Warning: Opinions expressed by Nach or others in this post do not necessarily reflect the views, opinions, or position of Nach himself on the matter(s) being discussed therein.
Joined: 4/16/2013
Posts: 8
Patashu wrote:
Just to make sure - if you're talking about improving this bot or BisqBot, have you fully read the research paper here? http://www.cs.cmu.edu/~tom7/mario/mario.pdf
Partially. Still skimming through it. I'm mostly talking about BisqBot, though. Still trying to get it to compile (bisqbot-mario.cc) without much luck. Not sure how it interacts with the emulator, either.
Joined: 10/20/2006
Posts: 1248
Very nice. I still think that ultimately the best way to program a generalised TASing bot is to make it scientific.
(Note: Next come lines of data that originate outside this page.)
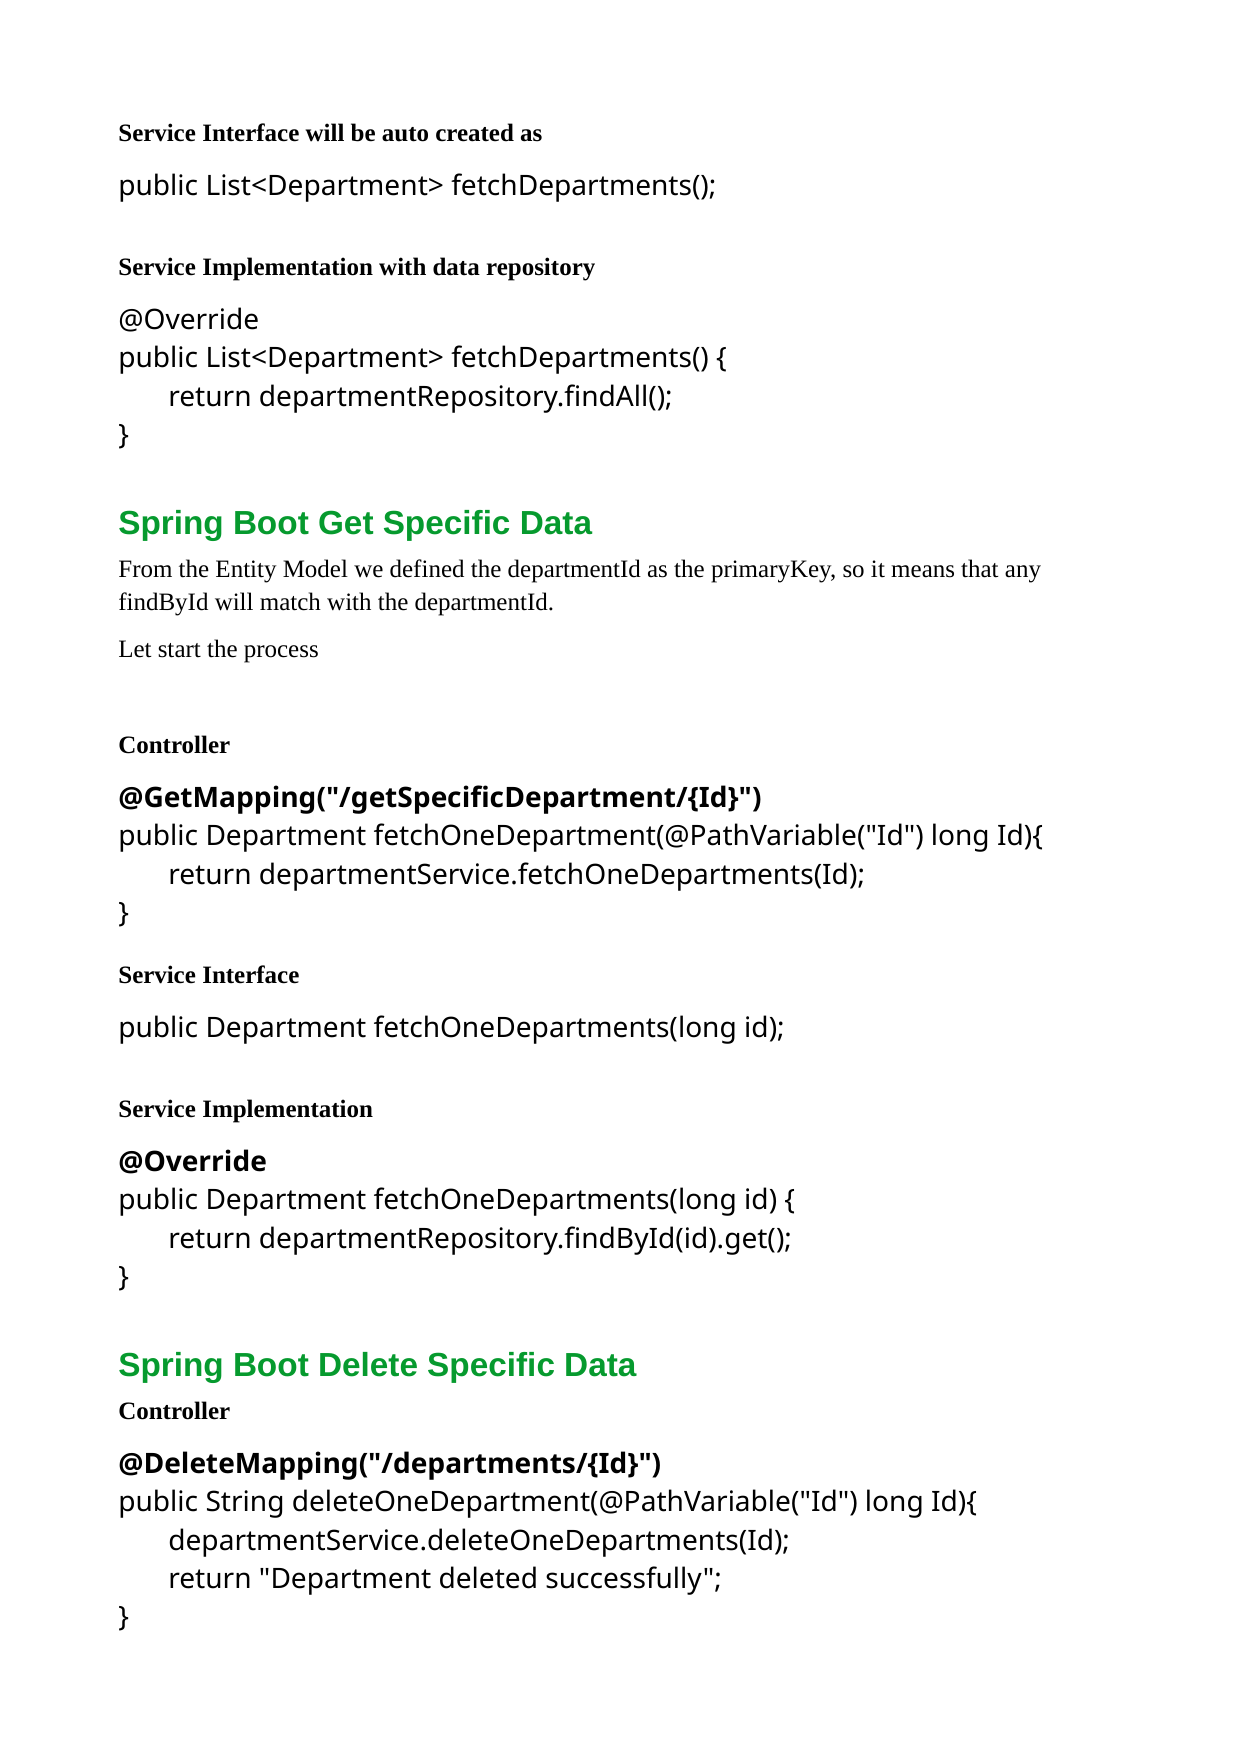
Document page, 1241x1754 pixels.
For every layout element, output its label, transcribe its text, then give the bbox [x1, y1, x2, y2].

text return departmentService.fetchOneDepartments(Id); [118, 854, 1122, 892]
text public Department fetchOneDepartments(long id); [118, 1008, 1122, 1046]
text Service Implementation [118, 1094, 1122, 1122]
text departmentService.deleteOneDepartments(Id); [118, 1520, 1122, 1558]
text return departmentRepository.findAll(); [118, 376, 1122, 414]
text @Override [118, 299, 1122, 338]
text Controller [118, 1396, 1122, 1424]
text Service Interface [118, 960, 1122, 989]
text } [118, 1256, 1122, 1294]
text return departmentRepository.findById(id).get(); [118, 1218, 1122, 1256]
text } [118, 1597, 1122, 1635]
text public Department fetchOneDepartment(@PathVariable("Id") long Id){ [118, 816, 1122, 854]
text public List<Department> fetchDepartments() { [118, 338, 1122, 376]
text Controller [118, 730, 1122, 758]
subtitle Spring Boot Delete Specific Data [118, 1345, 1122, 1383]
text public String deleteOneDepartment(@PathVariable("Id") long Id){ [118, 1482, 1122, 1520]
text } [118, 414, 1122, 453]
text return "Department deleted successfully"; [118, 1558, 1122, 1597]
text Service Implementation with data repository [118, 252, 1122, 280]
text } [118, 892, 1122, 931]
text @GetMapping("/getSpecificDepartment/{Id}") [118, 777, 1122, 816]
text public List<Department> fetchDepartments(); [118, 166, 1122, 204]
text From the Entity Model we defined the departmentId as the primaryKey, so it means that any findById will match with the departmentId. [118, 554, 1122, 616]
text @DeleteMapping("/departments/{Id}") [118, 1443, 1122, 1482]
text Service Interface will be auto created as [118, 118, 1122, 147]
subtitle Spring Boot Get Specific Data [118, 503, 1122, 541]
text Let start the process [118, 634, 1122, 663]
text public Department fetchOneDepartments(long id) { [118, 1179, 1122, 1218]
text @Override [118, 1141, 1122, 1179]

Forming and testing hypotheses about how memory addresses interact, how much of it it can control or influence, and under which circumstances. Very playfully at first, with the goal to learn as much as possible. Then finally tear the game apart. Of course this would be _really_ hard to achieve. A general rule to avoid deaths (and increasing the death counter) would have to be somewhat akin to it wanting to avoid RAM states that are very similar to previous ones without really getting any apparent new abilities, even if it increases the score or whatever. (I'll gladly accept the first bot to genuinely discover on its own how to acquire the hadouken in MMX as my new overlord) I swear it could be done if somebody was crazy enough to spend enough time on it. Lock somebody into a cell and don't leave them out until they're done. :p Tetris seems very difficult. And with that, I'll disappear back to whence I came.